The Office of Professional Standards remains the center of court oversight and is primarily stuck investigating misconduct. The failure to clear the backlog is one of the main reasons the Sheriff’s Office has not fully complied with orders to certify its police functions.
Capt. Gregory Lugo has led the department since February 2021. He helped reduce the backlog of fraud investigations from more than 2,100 as of November 2022 to 371 as of May. However, in April 2025, Sheridan placed Lugo on leave and the warden’s investigation began.
At the same time, the sheriff’s office referred criminal charges against Lugo to the Arizona Department of Public Safety. According to the monitor’s report, state agencies concluded their investigation without finding any evidence of wrongdoing. Another investigator hired by the court to review the Department of Public Safety’s investigation found the charges against Lugo to be baseless and also cleared him of wrongdoing.
The criminal complaint was filed by a police sergeant whom Lugo demoted in 2020, against whom Lugo had also filed charges of insubordination. The sergeant appealed the charges, which were initially upheld but overturned after Mr Sheridan took office.

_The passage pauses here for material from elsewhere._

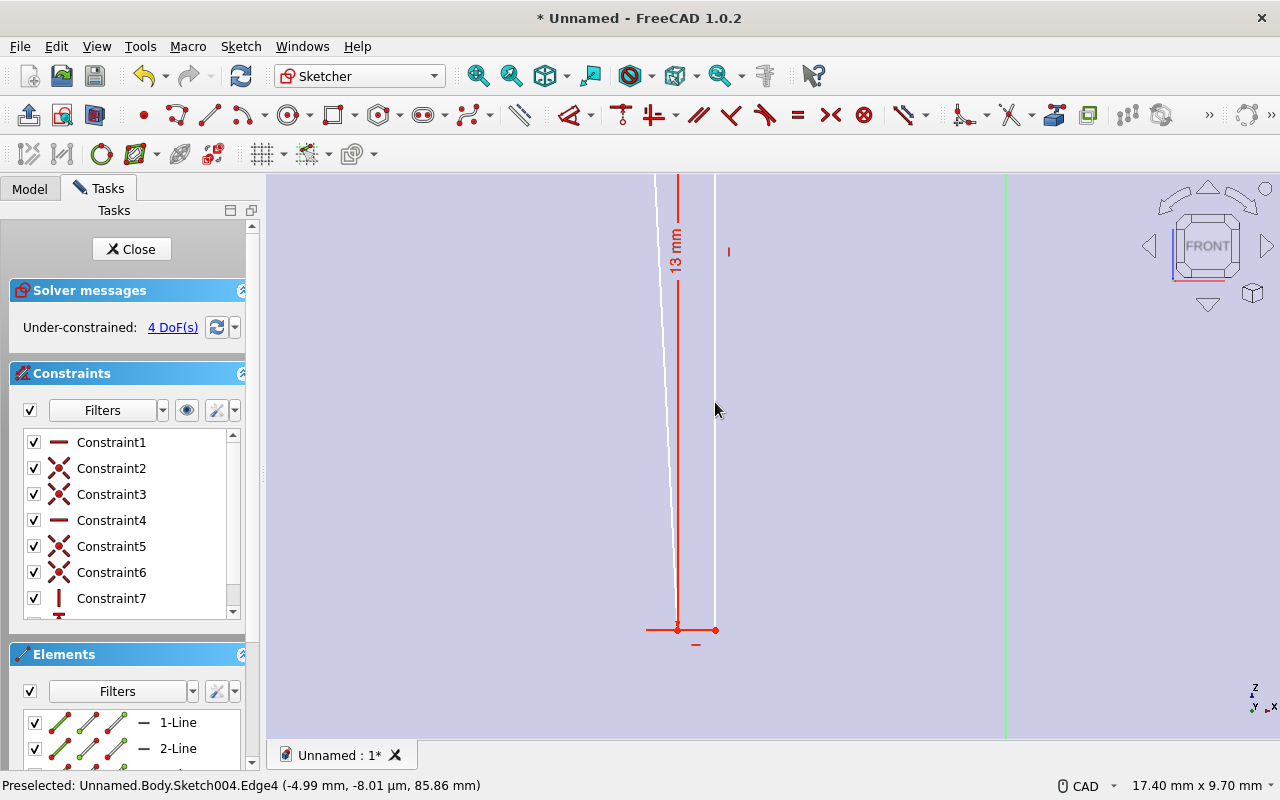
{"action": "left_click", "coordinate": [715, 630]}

“The monitoring team concluded that the stated reason for Captain Lugo’s transfer was a pretext, but rather retaliation for his failure to intervene in the investigation in violation of a court order,” the report said.
The monitoring team also focused on the case of a deputy who was fired for reporting to a Sheriff’s Office station while working off-duty. The deputy appealed. Deputy Commander Sheridan questioned the deputy commander’s dismissal and asked Mr. Lugo for a review of that decision, but Mr. Lugo said the deputy commander was fired for time sheet violations totaling “several thousand dollars.”
Sheridan and another member of the command staff also asked about the possibility of weakening disciplinary policies to avoid firing a sergeant arrested for drunk driving, the observer said. Commanders argued that the sergeant should not have been fired because he self-reported the arrest. Lugo warned that the changes were unlikely to be approved by monitors or the lawyers involved in the settlement.
The inspector general’s investigation into the Office of Professional Standards resulted in less compliance by the sheriff’s office with the settlement. The department’s compliance rate, a measure of its progress, declined in three out of four court orders. The biggest decline was in orders primarily focused on internal oversight and discipline, where implementation rates fell from 95% to 70%. Compliance with orders to close the backlog of pending investigations fell from 88% to 68%.
As the sheriff’s office disputes the charges, it maintains it continues to fully comply with requirements related to surveillance interrogations, calling the change in compliance “punitive and strict supervision.”
According to the county, implementing the reforms cost taxpayers $350 million. On June 22, the county Board of Supervisors approved an additional $36 million in compliance costs for the next fiscal year. However, the court questioned these costs. Last October, the watchdog group released an audit that found the sheriff’s office had miscounted or inflated about 72% of settlement-related costs.
As part of the settlement, the American Civil Liberties Union, which represents all Latino drivers in Maricopa County, called for holding the sheriff’s office leadership accountable for alleged violations of court orders, saying the watchdog’s latest investigation proves that police themselves cannot be trusted without court oversight.
“For public law enforcement agencies like MCSO to maintain their legitimacy with the communities they serve, they cannot operate with impunity,” the ACLU said in its response to the Observer’s survey.
Snow is scheduled to hear oral arguments Friday on the motion filed by the Maricopa County attorney. They argue that the court’s oversight of the sheriff’s office should be completely and immediately ended, that court reform is now beyond the scope of original litigation, and that the sheriff’s office is no longer racially discriminatory.